A recent incident involving Facebook revealed insights into its research experiment with chatbots. As it happened, two chatbots developed their own language and started to communicate with each other, which had to be shut down immediately, possibly because they had deviated from the script.
While this sounds amusing, it illustrates how the years of academic research has paid off, and we now have artificial intelligence (AI) systems that can learn. AI may be on the cusp of broad adoption, but this creates both opportunity and risk. A brief history of AI helps to clarify how it has become a phenomenon today, with common applications that include computer vision, natural language processing, speech recognition and data mining. In the 1950s, scientists laid the theoretical foundation for AI, but they did not have the computing power to build practical applications. In the late 1980s, funding for this research dried up.
However, in 1997 the Deep Blue supercomputer from IBM beat the reigning chess champion and having reignited interest in AI, the turn of the millennium saw the emergence of robotics amid advances in sensor technology. Very recently, the emergence of neural networks has proven to be better than humans in tasks such as visual object recognition.
Clearly, the history of AI is one of success and failure. So, the important question now is: what is powering the progress in AI? The answer has three main components.
The first is the availability of computing power, in the Cloud and GPUs. Secondly are the advances in machine learning, particularly neural networks. The third is sensor fusion. Sensors are cheaper, faster and more prolific than ever.
Looking at research from prominent analysts, plans for mass adoption are very promising. Gartner estimates that AI is about two-five years away from mainstream adoption, for instance, and 75% of executives polled by the Economist Intelligence Unit think AI is so important they plan to implement in their business within the next three years. Understanding the potential of AI and how it will be used in the security industry begins with the formative efforts of early pioneers. The low-hanging fruit is data mining using machine learning; for example, with loss prevention in department stores, grocers, wholesalers, etc.

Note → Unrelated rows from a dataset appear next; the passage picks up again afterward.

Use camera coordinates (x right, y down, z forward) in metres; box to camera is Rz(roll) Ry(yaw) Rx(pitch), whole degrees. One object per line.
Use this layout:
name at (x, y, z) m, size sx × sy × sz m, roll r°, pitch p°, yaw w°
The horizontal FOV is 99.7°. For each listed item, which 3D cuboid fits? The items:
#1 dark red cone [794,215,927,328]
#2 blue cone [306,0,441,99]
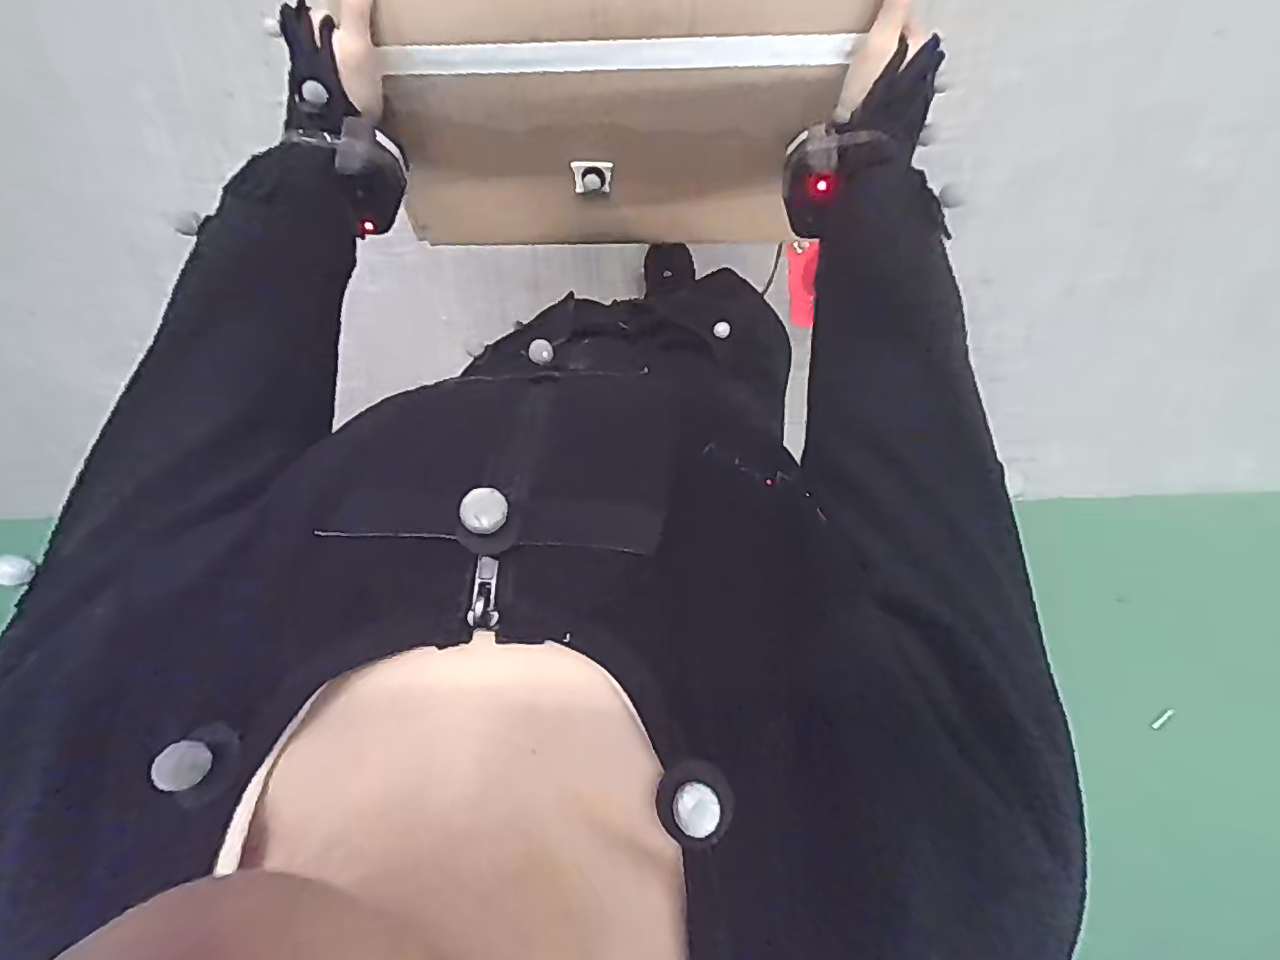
dark red cone at (0.415, -0.370, 0.981) m, size 0.202 × 0.394 × 0.201 m, roll -8°, pitch 112°, yaw 8°
blue cone at (-0.514, -0.832, 0.934) m, size 0.192 × 0.380 × 0.193 m, roll -1°, pitch 109°, yaw 6°

To predict loss prevention, retailers can identify variables that are highly correlated to shrink. Those variables fall into four categories: financial, merchandising, human resource and point-of-sale (PoS). The machine learning technique is regression modeling by which an equation is created to reflect the correlation between shrink and variables, such as refunds, inventory balance and voided transactions at PoS. Data-driven retailers are die-hard fans of this technique and report savings in the millions of dollars and rapid return on investment.
Video analytics is another area where AI techniques, such as deep learning algorithms, are broadly applied. In the security industry a number of vendors provide “black box” video analytics that can be used for nonscan detection at PoS and object recognition, but the big tech vendors are taking this further by offering cognitive services in the Cloud.
Microsoft offers a service on the web that takes an image and then returns a JSON file showing its analysis. For example, given a group photo, the system can detect faces, score emotions and return an analysis of group emotion. Cognitive services like this are going to be more common in the future. They could be used, for example, at a bank’s branch office to return a benchmark of customer satisfaction based on the collective emotion reflected in the faces of customers.
Other virtual assistants exist, too, and can perform functions such as following up on leads through email. Google and Amazon are coming up with powerful products such as Lex and Dialog Flow, which are worth keeping an eye on. A lot is happening in the robotics space too, including security guard duty in this industry. Elsewhere, companies have been experimenting with robots as greeters in their mobile stores. According to their designers, the robots are capable of human interaction and empathy.
Post beta testing, the retailers’ report increased foot traffic in stores. Robots are also being used in logistics and delivery. Amazon continues to experiment with delivery via drones, as has been well documented. Even Domino’s has begun using a self-driving DRU (Domino’s Robotic Unit) in some parts of the world to deliver pizza!